Dataset entries.

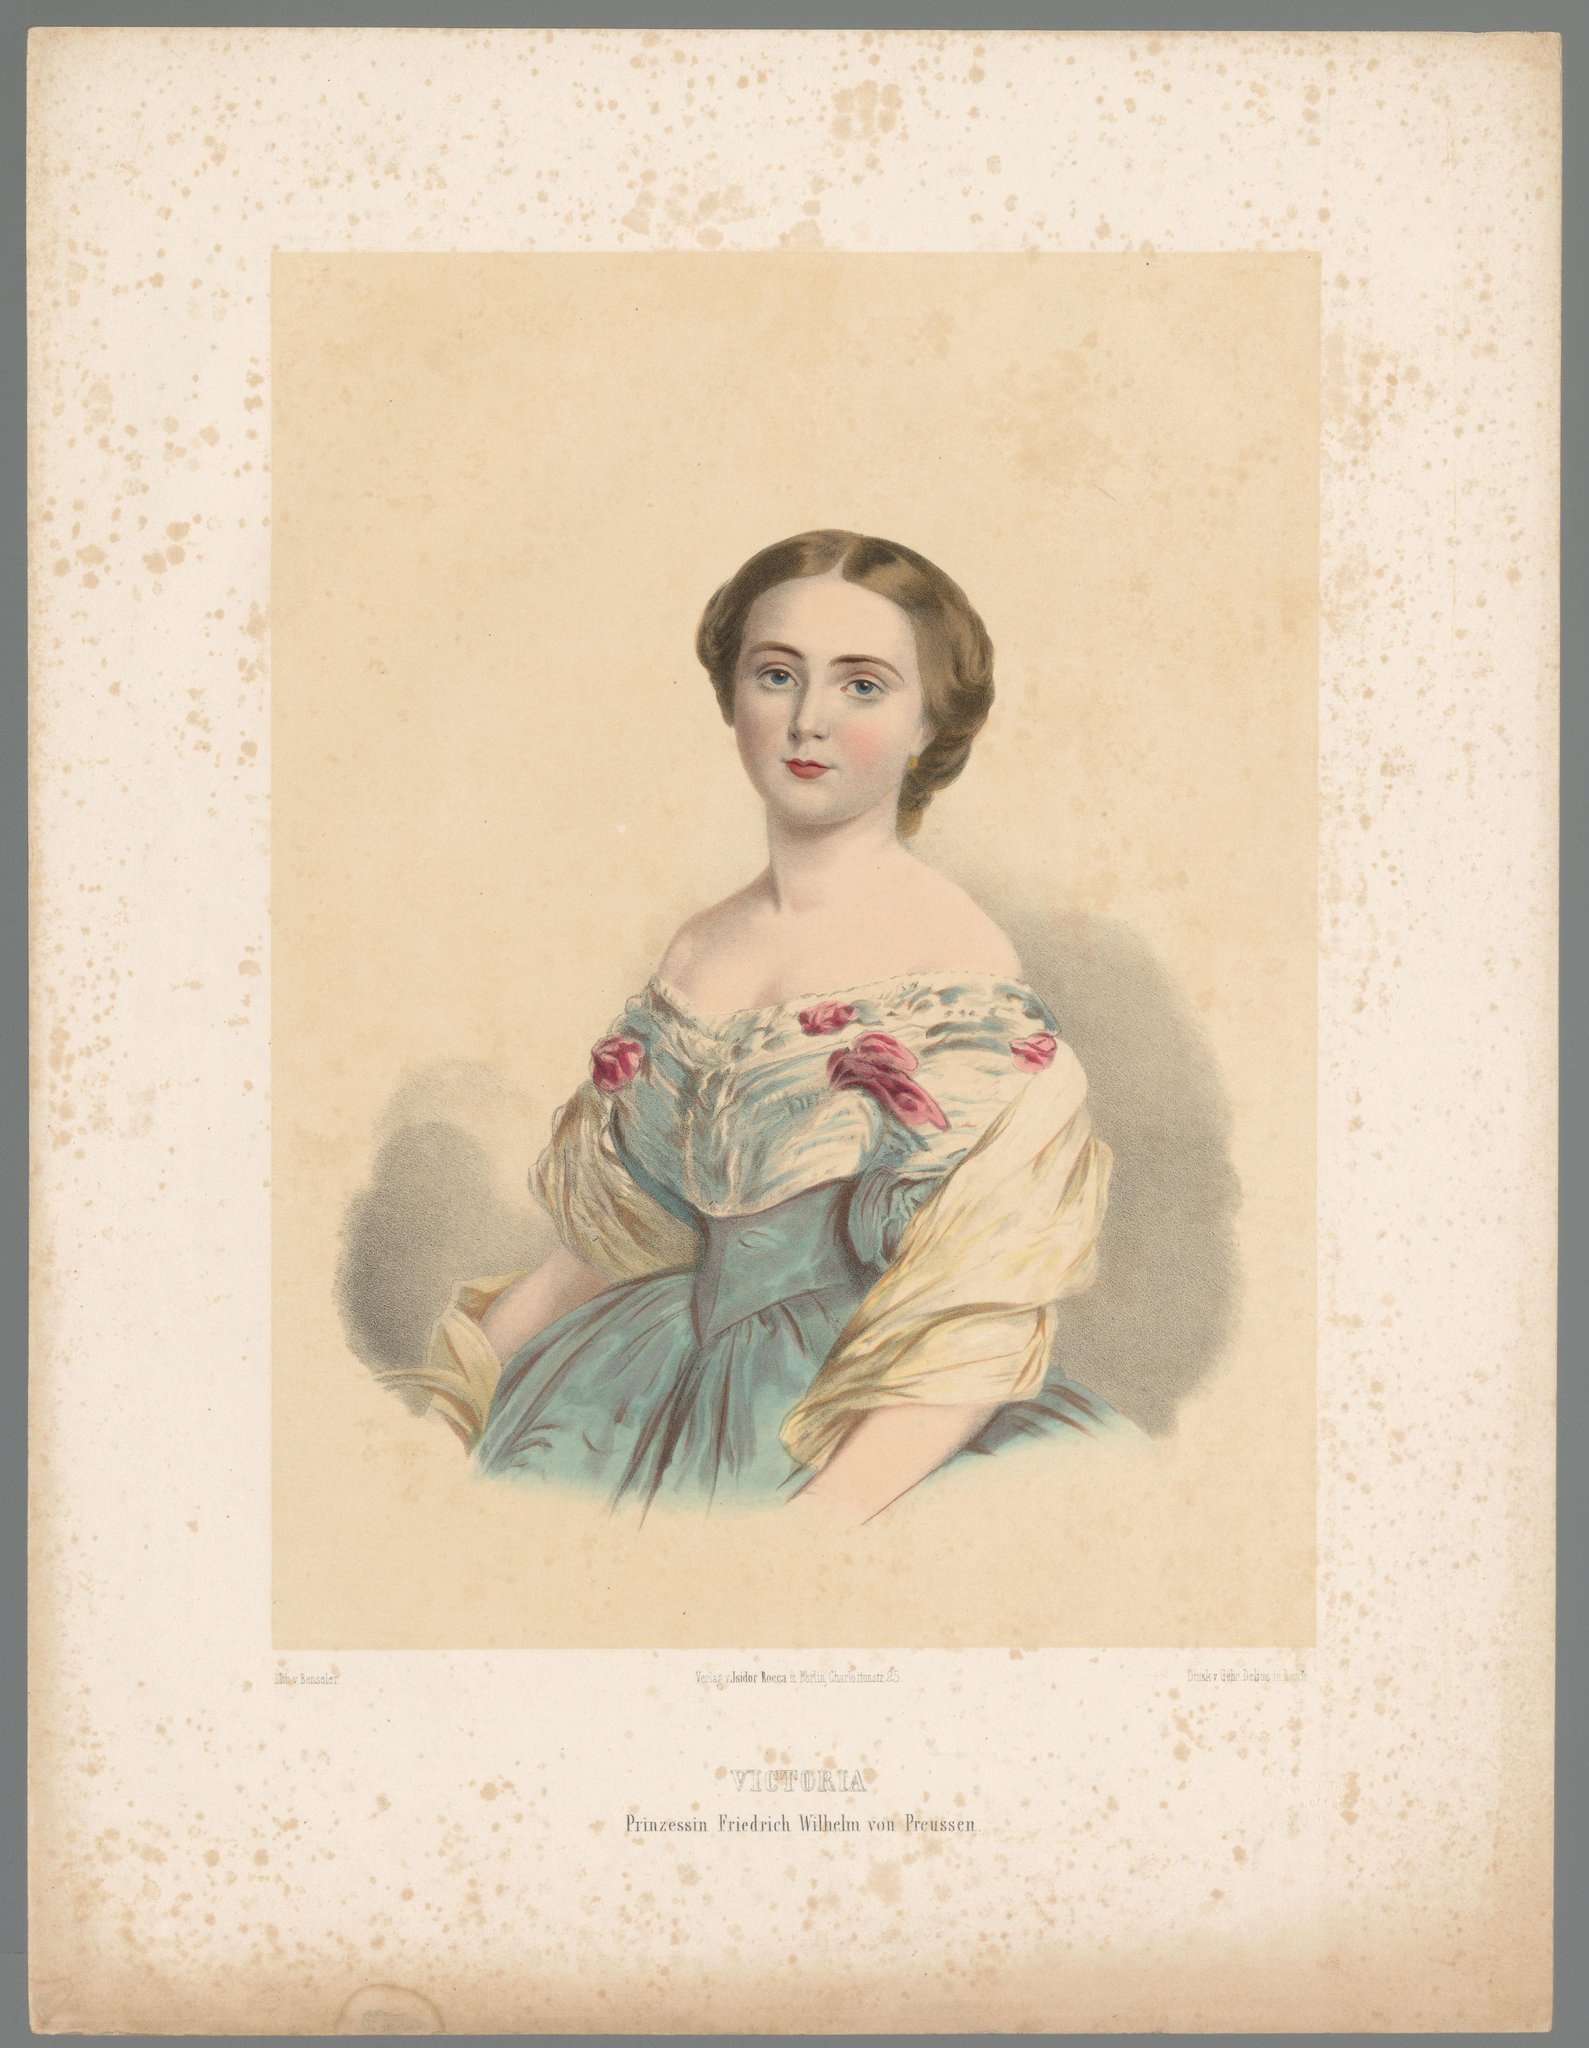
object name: print
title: Portret van Victoria
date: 1850-1899
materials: paper
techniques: hand coloring, lithograph
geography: berlin
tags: victoria van saksen-coburg en gotha (duits keizerin), adult woman, historical persons
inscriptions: check stamp: ‘Kunsthandlung I. Rocca Berlin’, collector's mark: Lugt 2228
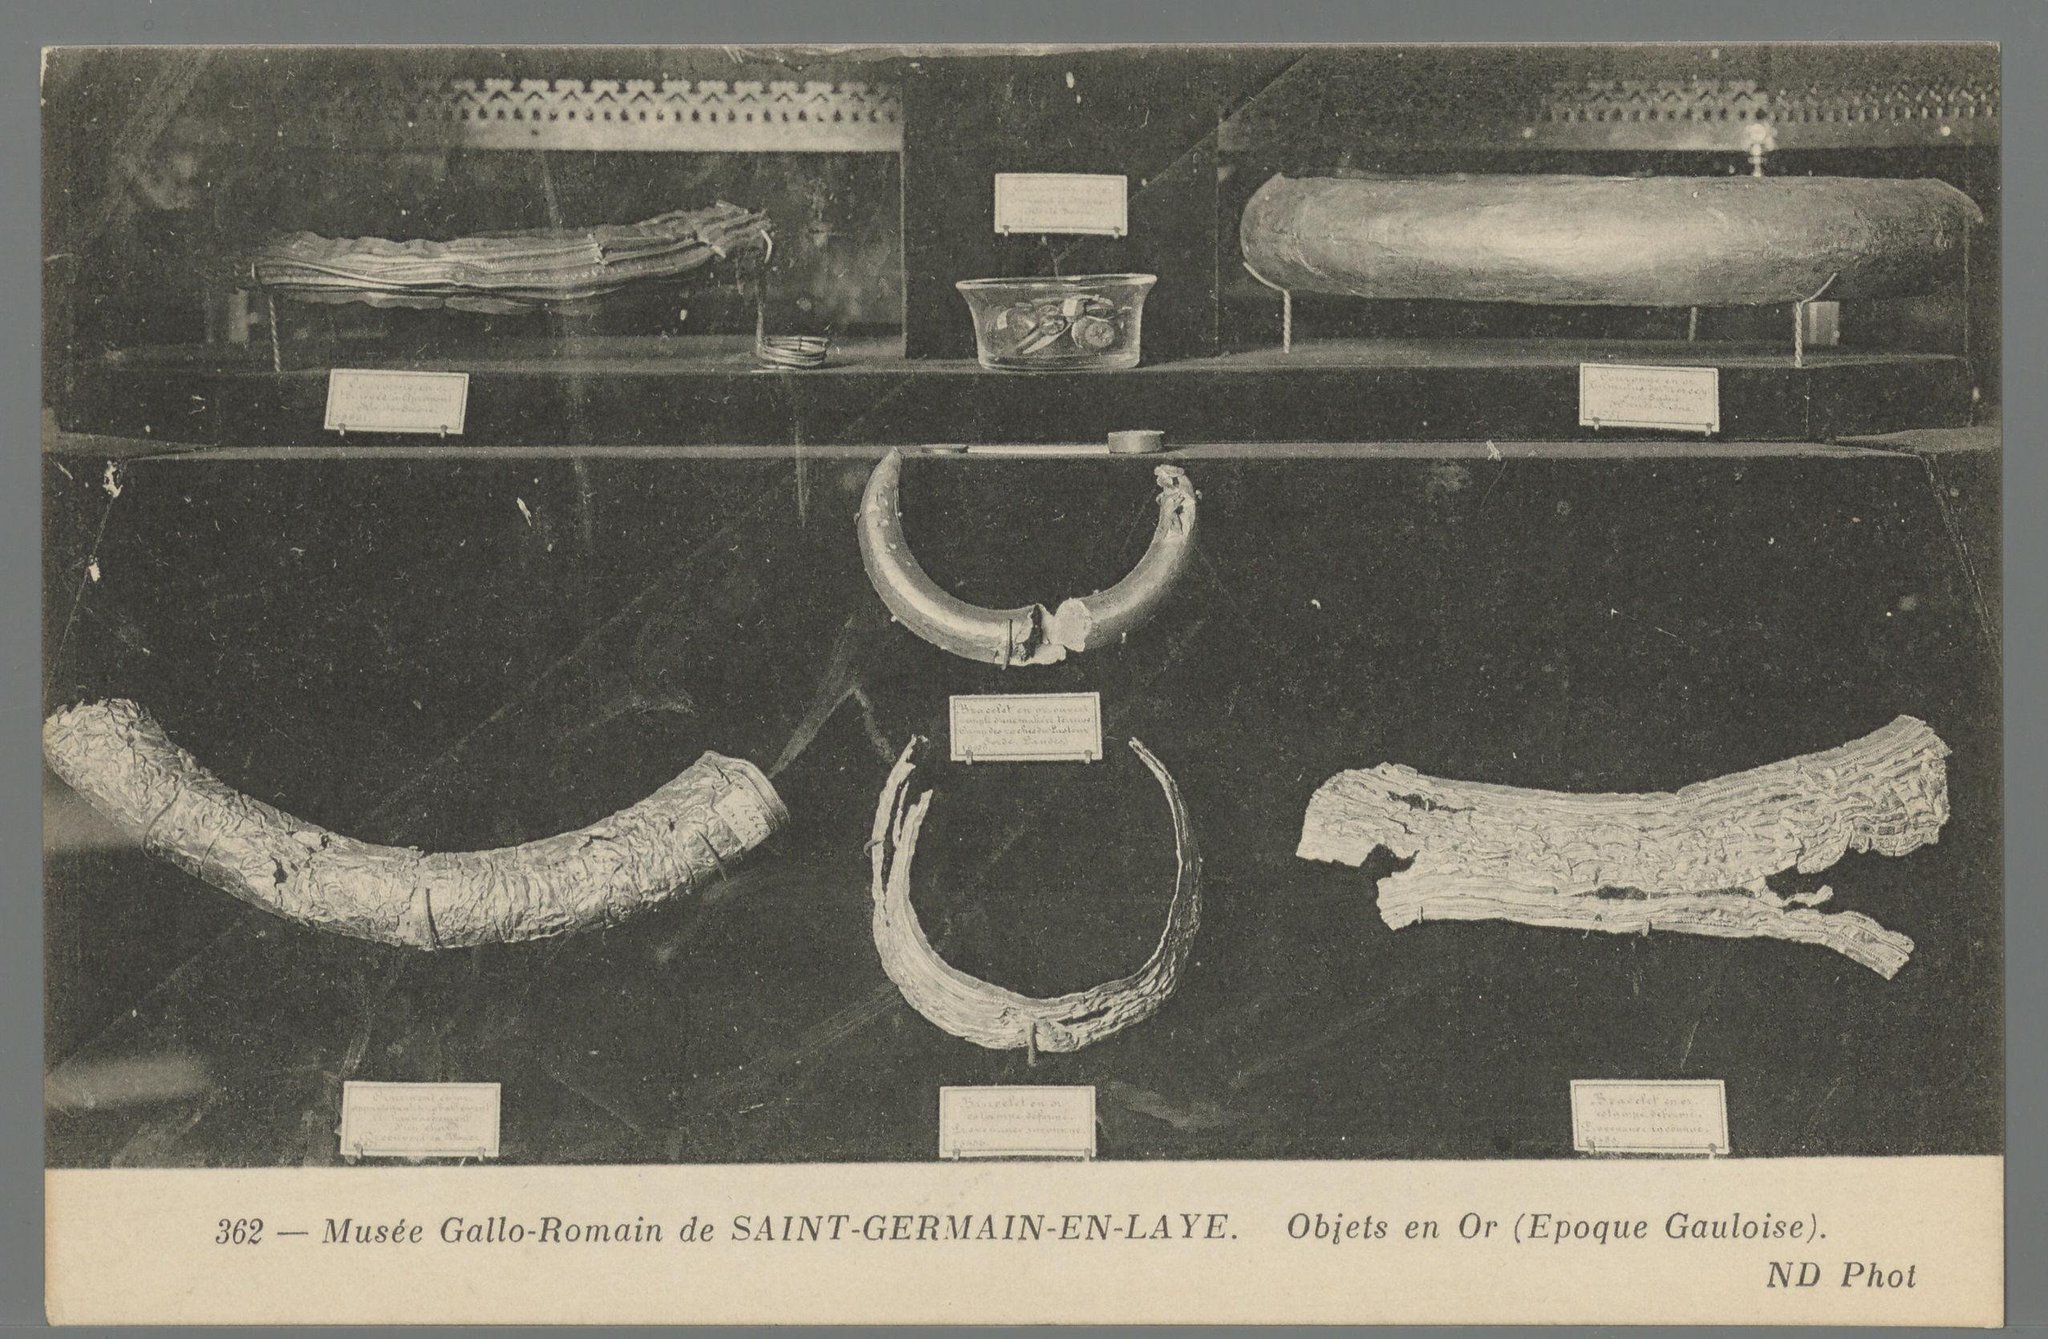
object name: photomechanical print
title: Musée Gallo-Romain de Saint-Germain-en-Laye
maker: Anonymous
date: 1903-1918
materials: cardboard
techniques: photograph
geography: paris
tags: ornaments, jewels, permanent exhibition, museum, minerals and metals: gold

Your assignment.
Print every entry above verbatim but drop the images.

Answer to the exercise.
object name: print
title: Portret van Victoria
date: 1850-1899
materials: paper
techniques: hand coloring, lithograph
geography: berlin
tags: victoria van saksen-coburg en gotha (duits keizerin), adult woman, historical persons
inscriptions: check stamp: ‘Kunsthandlung I. Rocca Berlin’, collector's mark: Lugt 2228
object name: photomechanical print
title: Musée Gallo-Romain de Saint-Germain-en-Laye
maker: Anonymous
date: 1903-1918
materials: cardboard
techniques: photograph
geography: paris
tags: ornaments, jewels, permanent exhibition, museum, minerals and metals: gold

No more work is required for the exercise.